Ewolucja Express

Tomasz Rożek

publikacja 15.02.2010 12:50

Myślisz, że tryby ewolucji obracają się wolno? Zwykle tak jest, ale zdarza się, że zmiany następują bardzo szybko. Szczególnie gdy przyspieszają zmiany środowiska naturalnego.

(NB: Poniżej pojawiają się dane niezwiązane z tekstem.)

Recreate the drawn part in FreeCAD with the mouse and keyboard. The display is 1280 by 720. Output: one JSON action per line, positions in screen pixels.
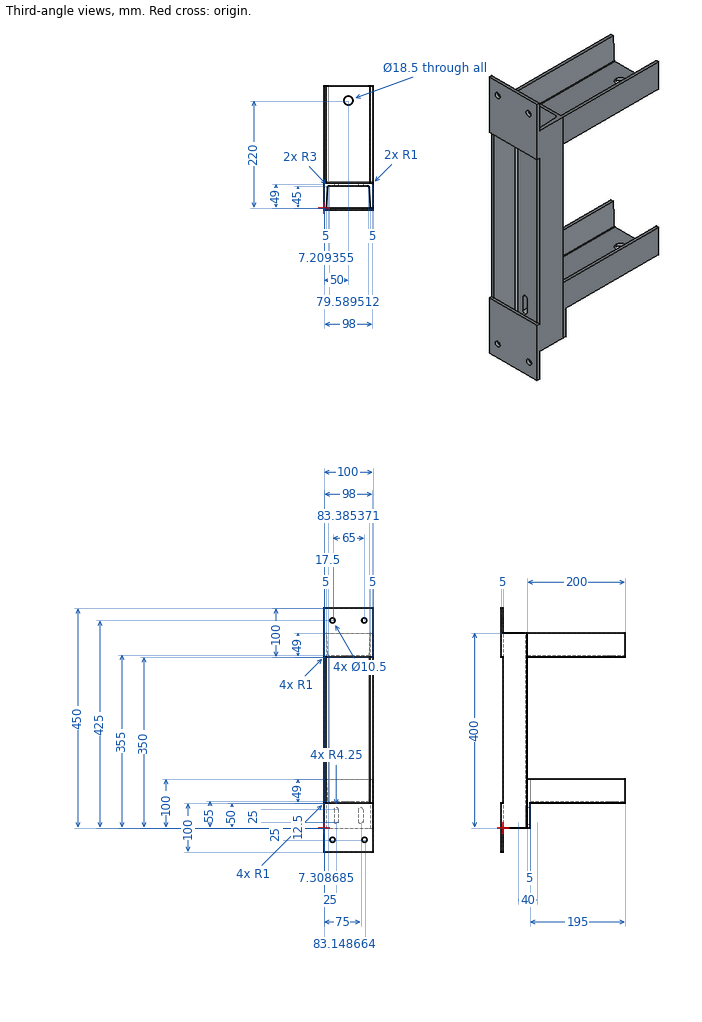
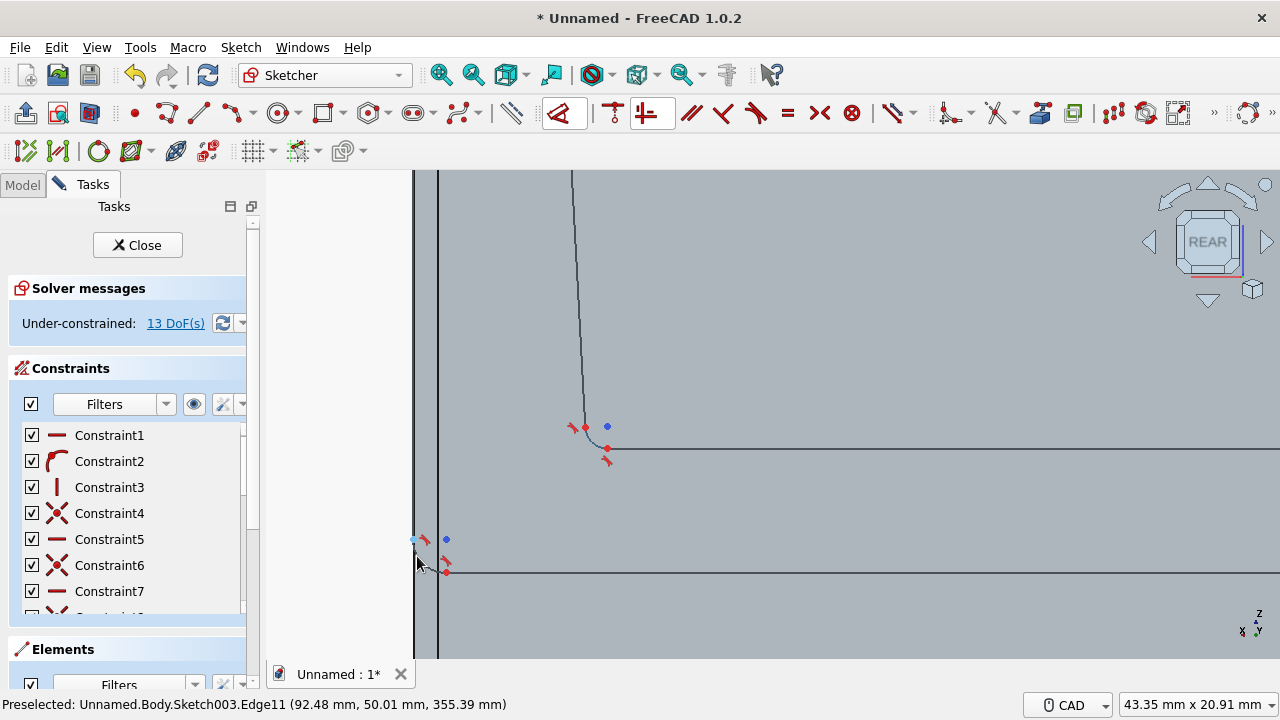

Ewolucja Express W ostatnich latach powstały trzy nowe gatunki ryb z rodziny garbnikowanych fot. aquaportail.com

Środowisko jest zmienne. Zawsze takie było. Ale tempo tych zmian nie wszędzie i nie zawsze jest takie samo. Wybuch wulkanu może zmienić lokalny ekosystem w ciągu kilku godzin. Duże wybuchy w dalekiej przeszłości wpływały na klimat całej planety w ciągu zaledwie kilku miesięcy. Nie każdy organizm do tak szybko zmieniających się warunków potrafił się dostosować. W środowisku naturalnym najlepiej funkcjonują te organizmy, które znalazły sobie niszę ekologiczną. Dostosowały się do niej. To miejsce czy umiejętności, w których nie mają konkurencji. Na przykład organizmy żyjące w ekstremalnych warunkach, w pobliżu źródeł geotermalnych na dnie oceanu. Kłopoty pojawiają się, gdy warunki środowiskowe zaczynają się szybko zmieniać. Znika nisza, a wraz z nią lokalna (czy globalna) populacja wąsko wyspecjalizowanych organizmów. Zupełnie inaczej wygląda sprawa z punktu widzenia życia o szerokiej specjalizacji. Organizmów, które potrafią funkcjonować na przykład w szerokim zakresie temperatur. Muszą walczyć o przetrwanie z naturalnymi wrogami, bo ich terytorium (nie tylko to geograficzne) często nakłada się na terytoria innych zwierząt (roślin). Ale brak specjalizacji oznacza, że zmiany środowiskowe nie są aż tak bolesne.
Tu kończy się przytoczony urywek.